Most investors also don't know about index-hugging passive mutual funds that charge even less TER, mostly under 1 per cent. UTI Nifty index fund's direct plan has just 0.1 per cent TER.  

Commission against performance

As TER is a fixed charge irrespective of how MFs perform, there is an argument to link it with the performance. But Sadagopan feels otherwise. "There should not be a separate incentive to perform well because being fund managers, delivering alpha on Nifty return is their job in the first place. And, if a fund house is a star performer, it would naturally get tremendous traction," he said.

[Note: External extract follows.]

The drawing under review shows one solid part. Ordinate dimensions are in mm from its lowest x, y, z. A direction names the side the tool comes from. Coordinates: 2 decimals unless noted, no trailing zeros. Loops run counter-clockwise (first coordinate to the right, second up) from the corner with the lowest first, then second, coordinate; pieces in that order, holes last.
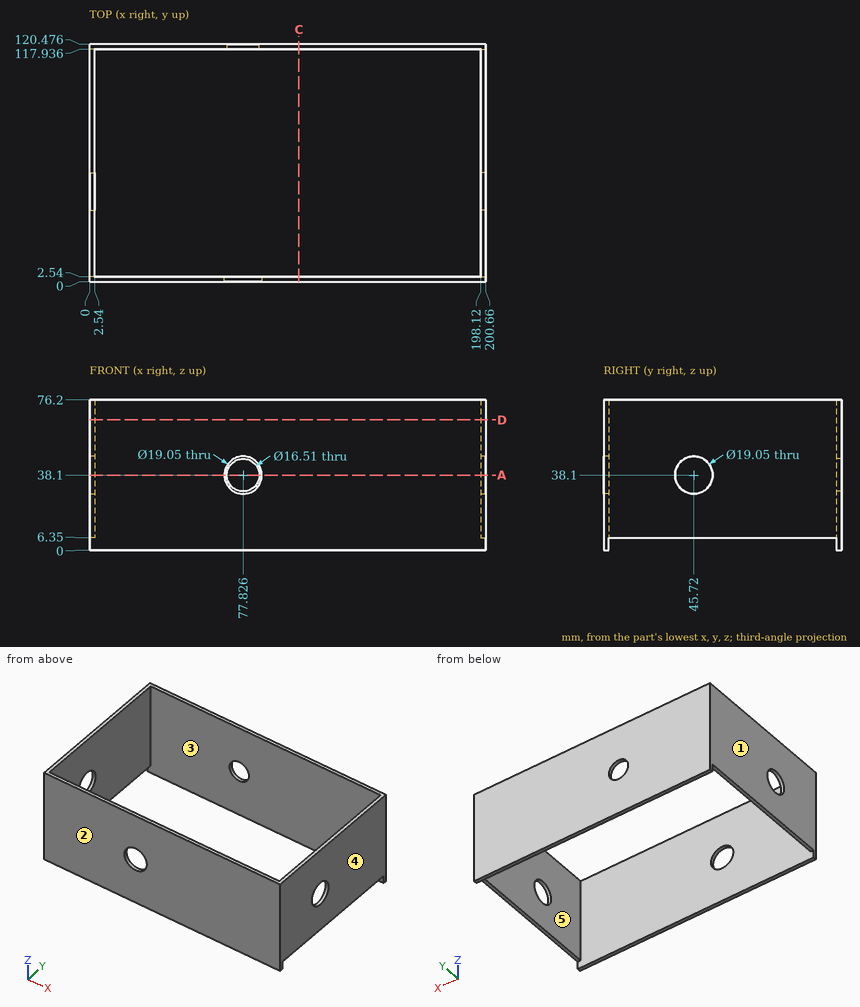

Besides, linking charges with performance is doable for closed-ended schemes, but not for open-ended schemes.  

The way out

Expense ratios in India are bundled i.e. distribution commissions are embedded into TER. Morningstar believes unbundled fee structures are better for investors as it provides better disclosure. "There is more focus on each part of the value chain; and cheaper funds become available to investors. Besides, an ongoing service fee negotiated with a client is likely to result in better services provided to the investor than a trail commission automatically paid by a fund," Belapurkar of Morningstar says.

Meanwhile, there are two detailed studies on expense ratio, one by MorningStar and another by Foundation of Independent Financial Advisors (FIFA). Srikanth of FundsIndia suggests Sebi should commission its own study on TER in different markets on a comparable basis and see if, given our current market penetration levels, the current structure is warranted or not. "Sebi should ask CRISIL or ICRA or one of the independent domestic institutions to conduct a study on the subject and base their actions on the ensuing empirical evidence," he said.